The founders view their company’s social outreach as a form of customer service.  

“In the Christian publishing space, there are not many direct-to-consumer brands that engage and talk to the actual customers,” Chung says. 

Barriers to Entry 

Alabaster’s founders were surprised to realize that not all Bible translations are in the public domain. Luckily, they found a willing partner in Tyndale Publishing, which holds the copyrights to their preferred New Living Translation.  

“We wanted a modern translation because it felt more true to the type of product we’re making,” Ye-Chung says. 

Not everyone is going to be a fan of a religious brand, of course. But that hasn’t dampened spirits too deeply at Alabaster.  

“There are some people who have had a negative experience with Christianity, people who have been hurt by the church,” Chung says. “One of our main visions is to show a bigger picture of God who is good and beautiful. We’re really trying to bring healing to people who have been hurt, by what we produce and how we treat customers.”

Opportunities 

From the Bhagavad Gita to the Talmud, there are plenty of religious books from other faith traditions ripe for redesigns, especially ones that reflect shifting societal sensibilities. Or, you know, simply look cooler. 

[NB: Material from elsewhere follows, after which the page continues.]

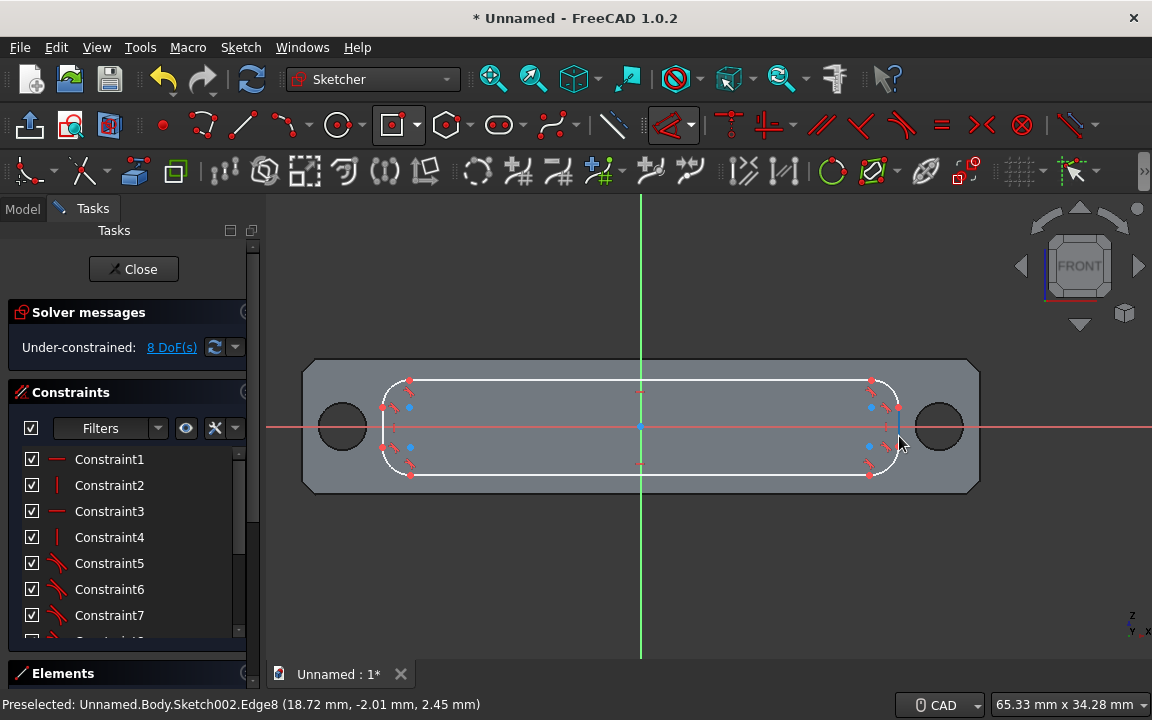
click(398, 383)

“Every generation demands its own prayer book,” Rabbi Hara Person told Crain’s New York Business in 2018. 

While Alabaster has mostly sold to individuals, it does offer wholesale pricing. Many congregations are in the market for bulk orders of updated books, according to the Crain’s report.

Endorsements from popular pastors can also lead to high demand for particular titles. For example, thousands of Christian congregations participated in a marketing campaign to drive sales of “The Purpose-Driven Life,” written by California megachurch pastor Rick Warren, The New York Times reported in 2004. It’s gone on to sell more than 34 million copies, according to publisher Zondervan, and it’s available in more than 70 languages.

For a more secular option, consider publishing a fresh, artsy version of one of the hundreds of thousands of creative works that entered the public domain in 2019 — the first batch to become available in two decades. Millennial bookworms may be interested in modern takes on classics written by the likes of Edith Wharton, Virginia Woolf, and Aldous Huxley. Check out this list of works newly available for public use created by Duke’s Center for the Study of the Public Domain. 

When producing a faith-based product, however, authenticity matters enormously, Alabaster’s founders say. Avoid thoughtlessly slapping an Instagram filter on a cherished spiritual guide. 

“Tell a good story that really feels true to who you are,” Ye-Chung advises. “For us, it was always about creativity and faith. That hasn’t changed since day one.” 

They also believe that religious products should adhere to the same high standards as secular counterparts.